— Judgment, Supreme Court, Bronx County (Ira Globerman, J.), rendered September 6, 1990, convicting defendant, after a jury trial, of criminal possession of a controlled substance in the third degree and fifth degree, and sentencing him, as a second felony offender, to concurrent terms of IV2 to 15 years and 3 V2 to 7 years, respectively, unanimously affirmed.
Defendant was first observed distributing vials of crack to purchasers after they gave their money to codefendant, and then receiving the money directly. After the court’s Sandoval ruling permitting prior convictions to be used in cross examining the defendant, and without obtaining a further advance ruling from the court, the prosecutor informed the jury in her opening statement that she intended to elicit testimony from the arresting officer as to drug sales by defendant near the *626time of the crime charged. A motion defendant then made for a mistrial was denied, and the evidence ruled admissible. At trial, the testimony was elicited with limiting instructions issued by the court. While the proper practice is for the prosecutor to obtain an advance ruling to determine the admissibility of the evidence (People v Ventimiglia, 52 NY2d 350), the error was harmless since the evidence was in the circumstances properly admitted. Evidence of narcotics sales prior to a defendant’s arrest for criminal possession of a controlled substance in the third degree is admissible if offered to establish the element of intent to sell (People v Grant, 181 AD2d 579; Penal Law § 220.16 [1]), and any potential prejudice was avoided by the court’s charge (People v Guzman, 173 AD2d 365, lv denied 78 NY2d 966). It should also be noted that defense counsel’s claim that he did not receive notice of the sales prior to the People’s opening statement is contradicted by the trial court’s notes.

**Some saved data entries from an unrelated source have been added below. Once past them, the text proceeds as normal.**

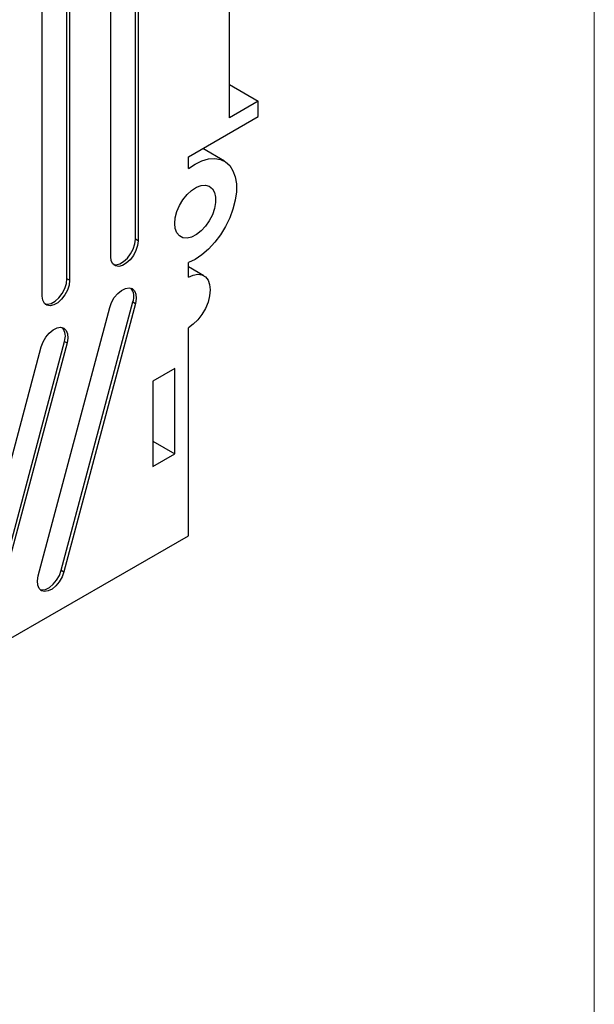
# Model space of a CAD drawing. Header units: inches. Extents: x 0 to 17, y 0 to 11.
# Tile 5 of 6: x 15.5 to 17, y 5.8 to 8.4. Entities that reach past the tile are written whole.
import ezdxf

# ---------------------------------------------------------------- set-up
doc = ezdxf.new("R2010")
doc.units = ezdxf.units.IN
doc.header["$MEASUREMENT"] = 0
doc.linetypes.add('SLD-Solid', pattern=[0])
doc.layers.add('SLD-DEFPOINTS', color=7, linetype='Continuous')

# ---------------------------------------------------------------- blocks, each defined once
blk = doc.blocks.new('Block2')
at = {"color": 7, "linetype": 'SLD-Solid', "lineweight": 18}
blk.add_line((17, 0), (17, 11), dxfattribs=at)

msp = doc.modelspace()

# ---------------------------------------------------------------- linework, layer by layer
for p, q in [((15.8144, 7.8042), (15.8144, 9.3638)), ((15.8214, 9.3598), (15.8214, 7.8002)), ((15.7507, 7.7594), (15.7507, 9.3189)), ((15.6377, 7.7021), (15.6377, 9.2617)), ((16.0574, 8.1181), (16.0574, 9.2817)), ((15.6446, 9.2577), (15.6446, 7.6981)), ((15.5739, 7.6573), (15.5739, 9.2169)), ((16.0574, 8.2042), (16.1319, 8.1611)), ((16.1319, 8.1611), (16.0574, 8.1181)), ((16.1319, 8.1209), (16.1319, 8.1611)), ((15.9513, 8.0167), (16.1319, 8.1209)), ((15.9513, 7.9866), (15.9513, 8.0167)), ((16.0444, 8.006), (15.9886, 8.0382)), ((15.8214, 7.8002), (15.8144, 7.8042)), ((15.9513, 7.7058), (15.9513, 7.7438)), ((15.9912, 7.7097), (15.9513, 7.7328)), ((15.6446, 7.6981), (15.6377, 7.7021)), ((15.6228, 6.9487), (15.8078, 7.6423)), ((15.8147, 7.6383), (15.6298, 6.9447)), ((15.8078, 7.6423), (15.8147, 7.6383)), ((15.5633, 6.9343), (15.7483, 7.6278)), ((15.9513, 7.0382), (15.9513, 7.5755)), ((15.446, 6.8467), (15.631, 7.5402)), ((15.638, 7.5362), (15.453, 6.8426)), ((15.631, 7.5402), (15.638, 7.5362)), ((15.3866, 6.8322), (15.5715, 7.5258)), ((15.916, 7.4702), (15.8594, 7.4375)), ((15.916, 7.2497), (15.916, 7.4702)), ((15.8594, 7.4375), (15.8594, 7.2171)), ((15.8594, 7.2824), (15.916, 7.2497)), ((15.8594, 7.2171), (15.916, 7.2497)), ((13.9219, 5.8667), (15.9513, 7.0382)), ((15.6228, 6.9487), (15.6298, 6.9447))]:
    msp.add_line(p, q)
at = {"flags": 128}
for points in [[(15.9513, 7.9866), (15.9689, 7.9984), (15.9864, 8.0069), (16.0035, 8.0118), (16.0197, 8.013), (16.0344, 8.0104), (16.0474, 8.0041), (16.0582, 7.9943), (16.0666, 7.9812), (16.0724, 7.9653), (16.0753, 7.9469), (16.0753, 7.9265), (16.0724, 7.9048), (16.0666, 7.8822), (16.0582, 7.8595), (16.0474, 7.8372), (16.0344, 7.8159), (16.0197, 7.7963), (16.0035, 7.7788), (15.9864, 7.764), (15.9689, 7.7522), (15.9513, 7.7438)], [(15.916, 7.8448), (15.9174, 7.8597), (15.9216, 7.8755), (15.9284, 7.8913), (15.9373, 7.9062), (15.948, 7.9195), (15.9598, 7.9304), (15.9721, 7.9383), (15.9842, 7.9428), (15.9955, 7.9437), (16.0054, 7.9409), (16.0133, 7.9346), (16.0188, 7.9251), (16.0217, 7.9129), (16.0217, 7.8987), (16.0188, 7.8832), (16.0133, 7.8673), (16.0054, 7.8518), (15.9955, 7.8376), (15.9842, 7.8255), (15.9721, 7.816), (15.9598, 7.8097), (15.948, 7.807), (15.9373, 7.808), (15.9284, 7.8126), (15.9216, 7.8205), (15.9174, 7.8315), (15.916, 7.8448)], [(15.8214, 7.8002), (15.82, 7.7878), (15.8158, 7.7749), (15.8092, 7.7623), (15.8007, 7.7511), (15.7911, 7.7423), (15.781, 7.7364), (15.7714, 7.7341), (15.7629, 7.7355), (15.7563, 7.7405), (15.7521, 7.7487), (15.7507, 7.7594)], [(15.7578, 7.7389), (15.7644, 7.7382), (15.7741, 7.7405), (15.7841, 7.7463), (15.7938, 7.7551), (15.8022, 7.7663), (15.8088, 7.7789), (15.813, 7.7919), (15.8144, 7.8042)], [(15.9513, 7.7058), (15.9639, 7.7114), (15.9758, 7.7135), (15.9865, 7.7119), (15.9954, 7.7067), (16.0021, 7.6983), (16.0063, 7.6869), (16.0077, 7.6732), (16.0063, 7.6579), (16.0021, 7.6417), (15.9954, 7.6255), (15.9865, 7.61), (15.9758, 7.5961), (15.9639, 7.5844), (15.9513, 7.5755)], [(15.6446, 7.6981), (15.6432, 7.6858), (15.639, 7.6728), (15.6324, 7.6602), (15.624, 7.6491), (15.6143, 7.6402), (15.6042, 7.6344), (15.5946, 7.6321), (15.5861, 7.6335), (15.5795, 7.6385), (15.5753, 7.6466), (15.5739, 7.6573)], [(15.581, 7.6368), (15.5876, 7.6361), (15.5973, 7.6384), (15.6073, 7.6442), (15.617, 7.6531), (15.6255, 7.6642), (15.632, 7.6768), (15.6362, 7.6898), (15.6377, 7.7021)], [(15.7483, 7.6278), (15.753, 7.6408), (15.7601, 7.6532), (15.7689, 7.6639), (15.7787, 7.6721), (15.7887, 7.6772), (15.7982, 7.6787), (15.8063, 7.6765), (15.8124, 7.6707), (15.816, 7.6619), (15.8168, 7.6508), (15.8147, 7.6383)], [(15.5715, 7.5258), (15.5763, 7.5388), (15.5833, 7.5511), (15.5921, 7.5618), (15.6019, 7.5701), (15.612, 7.5751), (15.6214, 7.5766), (15.6295, 7.5744), (15.6356, 7.5687), (15.6392, 7.5599), (15.64, 7.5488), (15.638, 7.5362)], [(15.5683, 6.8986), (15.5729, 6.8979), (15.5824, 6.8993), (15.5924, 6.9044), (15.6022, 6.9126), (15.611, 6.9234), (15.6181, 6.9357), (15.6228, 6.9487)], [(15.6298, 6.9447), (15.625, 6.9317), (15.618, 6.9193), (15.6092, 6.9086), (15.5994, 6.9004), (15.5893, 6.8953), (15.5799, 6.8938), (15.5718, 6.8961), (15.5657, 6.9018), (15.5621, 6.9106), (15.5613, 6.9217), (15.5633, 6.9343)]]:
    msp.add_lwpolyline(points, dxfattribs=at)
for centre, start, end in [((15.775, 7.6559), 337.5045, 38.4242), ((15.5982, 7.5538), 337.505, 38.4241)]:
    msp.add_arc(centre, 0.0355, start, end)

# ---------------------------------------------------------------- block references
at = {"layer": 'SLD-DEFPOINTS'}
msp.add_blockref('Block2', (0, 0), dxfattribs=at)

doc.saveas('drawing.dxf')

Defendant’s claim that the Allen charge was coercive and unbalanced is unpreserved for appellate review, defense counsel not having objected to the instruction until sentencing (People v Jones, 188 AD2d 331, 335). In any event, the court properly reminded the jury to keep an open mind, and correctly instructed that "the verdict must be [one] of each individual juror and not a mere acquiescence in the conclusion of the other jurors.” (See, People v Ali, 65 AD2d 513, 514, affd 47 NY2d 920.) Furthermore, the court’s suggestion that the jury rehear the testimony of one of the prosecution’s police witnesses was merely an effort to encourage the jurors to reach a verdict (see, People v Ford, 78 NY2d 878, 880). The court did not express an opinion with respect to the officer’s testimony, and also suggested that the testimony of both witnesses be reviewed.
We have reviewed defendant’s remaining claims and find them to without merit. Concur — Murphy, P. J., Carro, Rosenberger and Asch, JJ.